- Born: September 6, 1967 (age 58) Plymouth, Massachusetts, United States
- Other name: Amy Lynn
- Occupations: Actress Model
- Style: B-movies Pornography
- Partner(s): Ed Begley, Jr. (1991) John Scialpi (1992–

= Amy Lynn Baxter =

American model & actress (born 1967)

Amy Lynn Baxter (born September 6, 1967), known professionally as Amy Lynn, is an American actress, model, and exotic dancer. Her career catapulted in the 1990s after multiple appearances with Howard Stern. She was Penthouse magazine's Pet of the Month for June 1990 and appeared on Geraldo, The Montel Williams Show, and the Maury Povich Show. She appeared in many B-movies and soft core pornography films.

==Early life and education==

Amy Lynn Baxter was born in Plymouth, Massachusetts. Baxter "couldn't wait to get out" of Plymouth as a teenager. Her school report cards described her as "outrageous" in her behavior and that she needed to "settle down." When she was seventeen, she won a bikini contest in Florida. That year, she moved to Hollywood and lived with Max Baer, Jr., who introduced Baxter to James Woods, whom she would date for a few months.

==Career and life==

Feminists ask some of the craziest questions. They say 'Men are taking your power away when you do this. You become nothing when you do this.' Well, first of all, nobody's making me do this. I'm doing this by choice. I make a lot of money.
— Amy Lynn Baxter, The Vindicator, 1994

In 1988, Baxter's father paid for her to have breast augmentation surgery to enlarge her breasts, while Baxter worked as an exotic dancer. In a 1992 interview with the Philadelphia Daily News, Baxter said she had paid off the surgery dancing.

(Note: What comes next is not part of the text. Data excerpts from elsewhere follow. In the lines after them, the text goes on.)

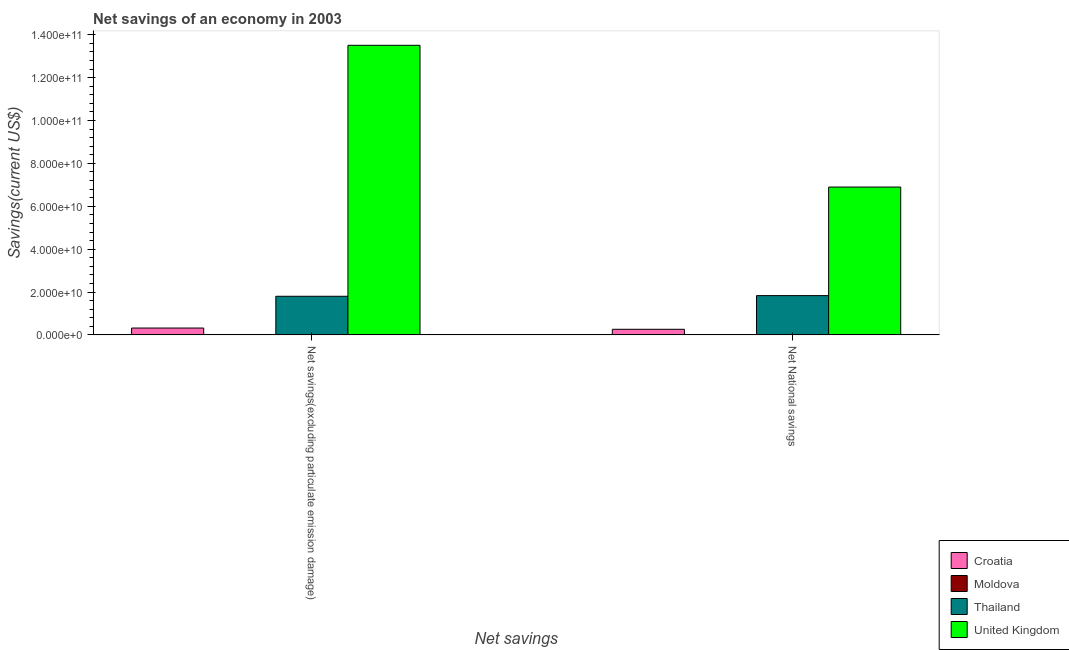Are the number of bars per tick equal to the number of legend labels?
Your answer should be very brief. Yes. Are the number of bars on each tick of the X-axis equal?
Keep it short and to the point. Yes. What is the label of the 1st group of bars from the left?
Offer a terse response. Net savings(excluding particulate emission damage). What is the net savings(excluding particulate emission damage) in United Kingdom?
Give a very brief answer. 1.35e+11. Across all countries, what is the maximum net savings(excluding particulate emission damage)?
Provide a succinct answer. 1.35e+11. Across all countries, what is the minimum net national savings?
Provide a short and direct response. 7.78e+07. In which country was the net national savings minimum?
Your answer should be very brief. Moldova. What is the total net national savings in the graph?
Provide a succinct answer. 9.00e+1. What is the difference between the net savings(excluding particulate emission damage) in Croatia and that in Moldova?
Your answer should be very brief. 3.01e+09. What is the difference between the net national savings in Croatia and the net savings(excluding particulate emission damage) in Thailand?
Offer a terse response. -1.54e+1. What is the average net national savings per country?
Provide a succinct answer. 2.25e+1. What is the difference between the net national savings and net savings(excluding particulate emission damage) in United Kingdom?
Provide a succinct answer. -6.61e+1. In how many countries, is the net savings(excluding particulate emission damage) greater than 100000000000 US$?
Provide a short and direct response. 1. What is the ratio of the net national savings in United Kingdom to that in Thailand?
Your answer should be compact. 3.76. In how many countries, is the net national savings greater than the average net national savings taken over all countries?
Provide a succinct answer. 1. What does the 2nd bar from the left in Net savings(excluding particulate emission damage) represents?
Ensure brevity in your answer.  Moldova. What does the 4th bar from the right in Net savings(excluding particulate emission damage) represents?
Give a very brief answer. Croatia. How many bars are there?
Provide a short and direct response. 8. Are all the bars in the graph horizontal?
Ensure brevity in your answer.  No. How many countries are there in the graph?
Give a very brief answer. 4. What is the difference between two consecutive major ticks on the Y-axis?
Your answer should be very brief. 2.00e+1. Are the values on the major ticks of Y-axis written in scientific E-notation?
Your response must be concise. Yes. Does the graph contain grids?
Offer a terse response. No. What is the title of the graph?
Your answer should be very brief. Net savings of an economy in 2003. Does "Palau" appear as one of the legend labels in the graph?
Give a very brief answer. No. What is the label or title of the X-axis?
Keep it short and to the point. Net savings. What is the label or title of the Y-axis?
Your answer should be very brief. Savings(current US$). What is the Savings(current US$) in Croatia in Net savings(excluding particulate emission damage)?
Offer a terse response. 3.20e+09. What is the Savings(current US$) of Moldova in Net savings(excluding particulate emission damage)?
Ensure brevity in your answer.  1.90e+08. What is the Savings(current US$) of Thailand in Net savings(excluding particulate emission damage)?
Provide a succinct answer. 1.80e+1. What is the Savings(current US$) in United Kingdom in Net savings(excluding particulate emission damage)?
Offer a very short reply. 1.35e+11. What is the Savings(current US$) in Croatia in Net National savings?
Give a very brief answer. 2.61e+09. What is the Savings(current US$) of Moldova in Net National savings?
Offer a very short reply. 7.78e+07. What is the Savings(current US$) of Thailand in Net National savings?
Give a very brief answer. 1.83e+1. What is the Savings(current US$) of United Kingdom in Net National savings?
Offer a terse response. 6.90e+1. Across all Net savings, what is the maximum Savings(current US$) of Croatia?
Provide a short and direct response. 3.20e+09. Across all Net savings, what is the maximum Savings(current US$) of Moldova?
Keep it short and to the point. 1.90e+08. Across all Net savings, what is the maximum Savings(current US$) in Thailand?
Provide a short and direct response. 1.83e+1. Across all Net savings, what is the maximum Savings(current US$) of United Kingdom?
Your answer should be very brief. 1.35e+11. Across all Net savings, what is the minimum Savings(current US$) of Croatia?
Provide a succinct answer. 2.61e+09. Across all Net savings, what is the minimum Savings(current US$) of Moldova?
Ensure brevity in your answer.  7.78e+07. Across all Net savings, what is the minimum Savings(current US$) of Thailand?
Your answer should be compact. 1.80e+1. Across all Net savings, what is the minimum Savings(current US$) of United Kingdom?
Provide a short and direct response. 6.90e+1. What is the total Savings(current US$) of Croatia in the graph?
Your answer should be very brief. 5.81e+09. What is the total Savings(current US$) in Moldova in the graph?
Your answer should be compact. 2.68e+08. What is the total Savings(current US$) in Thailand in the graph?
Provide a succinct answer. 3.63e+1. What is the total Savings(current US$) in United Kingdom in the graph?
Offer a very short reply. 2.04e+11. What is the difference between the Savings(current US$) of Croatia in Net savings(excluding particulate emission damage) and that in Net National savings?
Offer a very short reply. 5.87e+08. What is the difference between the Savings(current US$) in Moldova in Net savings(excluding particulate emission damage) and that in Net National savings?
Your response must be concise. 1.12e+08. What is the difference between the Savings(current US$) of Thailand in Net savings(excluding particulate emission damage) and that in Net National savings?
Keep it short and to the point. -3.07e+08. What is the difference between the Savings(current US$) of United Kingdom in Net savings(excluding particulate emission damage) and that in Net National savings?
Keep it short and to the point. 6.61e+1. What is the difference between the Savings(current US$) of Croatia in Net savings(excluding particulate emission damage) and the Savings(current US$) of Moldova in Net National savings?
Keep it short and to the point. 3.12e+09. What is the difference between the Savings(current US$) in Croatia in Net savings(excluding particulate emission damage) and the Savings(current US$) in Thailand in Net National savings?
Your answer should be compact. -1.51e+1. What is the difference between the Savings(current US$) in Croatia in Net savings(excluding particulate emission damage) and the Savings(current US$) in United Kingdom in Net National savings?
Your answer should be compact. -6.58e+1. What is the difference between the Savings(current US$) of Moldova in Net savings(excluding particulate emission damage) and the Savings(current US$) of Thailand in Net National savings?
Offer a very short reply. -1.81e+1. What is the difference between the Savings(current US$) in Moldova in Net savings(excluding particulate emission damage) and the Savings(current US$) in United Kingdom in Net National savings?
Offer a very short reply. -6.88e+1. What is the difference between the Savings(current US$) in Thailand in Net savings(excluding particulate emission damage) and the Savings(current US$) in United Kingdom in Net National savings?
Offer a very short reply. -5.10e+1. What is the average Savings(current US$) of Croatia per Net savings?
Your answer should be compact. 2.91e+09. What is the average Savings(current US$) of Moldova per Net savings?
Offer a very short reply. 1.34e+08. What is the average Savings(current US$) of Thailand per Net savings?
Keep it short and to the point. 1.82e+1. What is the average Savings(current US$) of United Kingdom per Net savings?
Provide a short and direct response. 1.02e+11. What is the difference between the Savings(current US$) in Croatia and Savings(current US$) in Moldova in Net savings(excluding particulate emission damage)?
Provide a succinct answer. 3.01e+09. What is the difference between the Savings(current US$) in Croatia and Savings(current US$) in Thailand in Net savings(excluding particulate emission damage)?
Make the answer very short. -1.48e+1. What is the difference between the Savings(current US$) of Croatia and Savings(current US$) of United Kingdom in Net savings(excluding particulate emission damage)?
Your answer should be very brief. -1.32e+11. What is the difference between the Savings(current US$) of Moldova and Savings(current US$) of Thailand in Net savings(excluding particulate emission damage)?
Offer a terse response. -1.78e+1. What is the difference between the Savings(current US$) in Moldova and Savings(current US$) in United Kingdom in Net savings(excluding particulate emission damage)?
Give a very brief answer. -1.35e+11. What is the difference between the Savings(current US$) of Thailand and Savings(current US$) of United Kingdom in Net savings(excluding particulate emission damage)?
Provide a succinct answer. -1.17e+11. What is the difference between the Savings(current US$) of Croatia and Savings(current US$) of Moldova in Net National savings?
Provide a short and direct response. 2.53e+09. What is the difference between the Savings(current US$) of Croatia and Savings(current US$) of Thailand in Net National savings?
Your response must be concise. -1.57e+1. What is the difference between the Savings(current US$) in Croatia and Savings(current US$) in United Kingdom in Net National savings?
Make the answer very short. -6.64e+1. What is the difference between the Savings(current US$) in Moldova and Savings(current US$) in Thailand in Net National savings?
Your response must be concise. -1.82e+1. What is the difference between the Savings(current US$) of Moldova and Savings(current US$) of United Kingdom in Net National savings?
Your answer should be compact. -6.89e+1. What is the difference between the Savings(current US$) of Thailand and Savings(current US$) of United Kingdom in Net National savings?
Your answer should be very brief. -5.07e+1. What is the ratio of the Savings(current US$) in Croatia in Net savings(excluding particulate emission damage) to that in Net National savings?
Keep it short and to the point. 1.22. What is the ratio of the Savings(current US$) in Moldova in Net savings(excluding particulate emission damage) to that in Net National savings?
Your answer should be compact. 2.44. What is the ratio of the Savings(current US$) in Thailand in Net savings(excluding particulate emission damage) to that in Net National savings?
Provide a short and direct response. 0.98. What is the ratio of the Savings(current US$) of United Kingdom in Net savings(excluding particulate emission damage) to that in Net National savings?
Your response must be concise. 1.96. What is the difference between the highest and the second highest Savings(current US$) in Croatia?
Ensure brevity in your answer.  5.87e+08. What is the difference between the highest and the second highest Savings(current US$) of Moldova?
Provide a short and direct response. 1.12e+08. What is the difference between the highest and the second highest Savings(current US$) of Thailand?
Provide a short and direct response. 3.07e+08. What is the difference between the highest and the second highest Savings(current US$) in United Kingdom?
Provide a short and direct response. 6.61e+1. What is the difference between the highest and the lowest Savings(current US$) in Croatia?
Provide a succinct answer. 5.87e+08. What is the difference between the highest and the lowest Savings(current US$) of Moldova?
Make the answer very short. 1.12e+08. What is the difference between the highest and the lowest Savings(current US$) in Thailand?
Make the answer very short. 3.07e+08. What is the difference between the highest and the lowest Savings(current US$) of United Kingdom?
Offer a very short reply. 6.61e+1. 
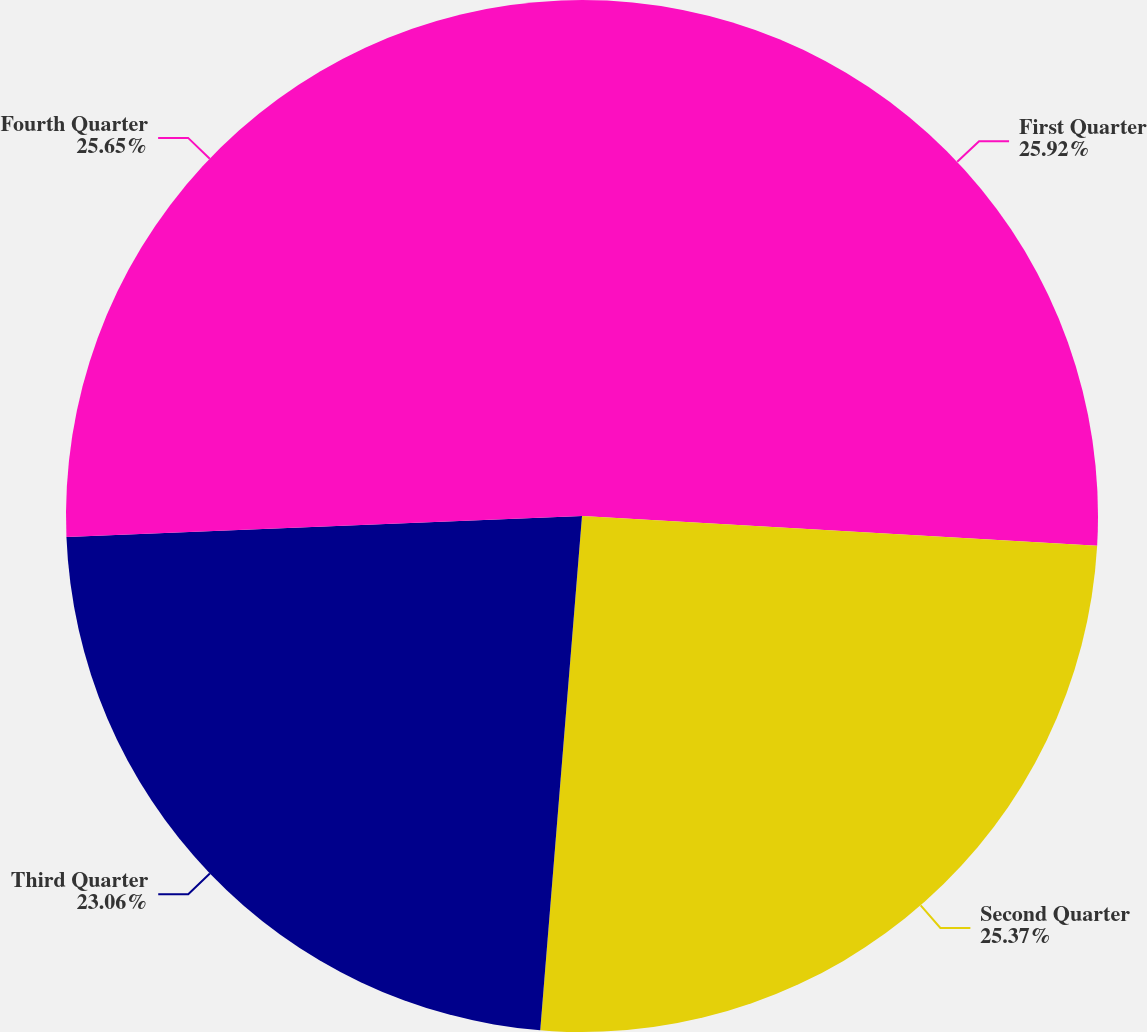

Baxter appeared as Pet of the Month in Penthouse in June 1990. Soon thereafter, she was on the Howard Stern Show, covering herself in baby oil during her appearance. She soon appeared on The Howard Stern Show radio program, invoking the same baby oil schtick. She modeled, with Stern, for the cover of his autobiography Private Parts. However, the photo was never used as the cover.

In May 1991, Baxter got engaged to Ed Begley, Jr., who left Annette Bening to date Baxter. By 1992, Baxter was in a relationship with John Scialpi, who owned New York City's Goldfingers strip club. The couple lived on Long Island. She had a baby with Scialpi, and within 2 1/2 months she was back to exotic dancing. As of 1994, Baxter was 26-years-old and her income averaged $250,000. She worked six days a week, making appearances at strip clubs across the US eight weeks out of the year. Her mother travelled with her, helping to care for Baxter's baby and selling merchandise. Part of Baxter's headline show was her baby oil set from The Howard Stern Show.

Baxter appeared in Playboy as part of their Women in Radio pictorial in 1995 for her work on Stern's radio show. That same year, she made promotional appearances for Penthouse, promoting their new cologne, and Famous Rotisserie & Grill in New York.

In 1996, Baxter co-starred as a news reporter, alongside Debbie Rochon, in Broadcast Bombshells. The film is considered one of her best adult films. Baxter auditioned for Robert De Niro for the role as Sheila in the 1999 film Analyze This. The interview involved Baxter reading a sex scene with De Niro. Ultimately, Donna-Marie Recco was given the role.

===Views on the adult entertainment industry===

In a 1992 interview, Baxter shared that being a self-described egomaniac gives her the confidence to be an exotic dancer, saying "I love the attention...It's such a great feeling. [The audience] say, 'Wow, look at her,' even before you take your clothes off."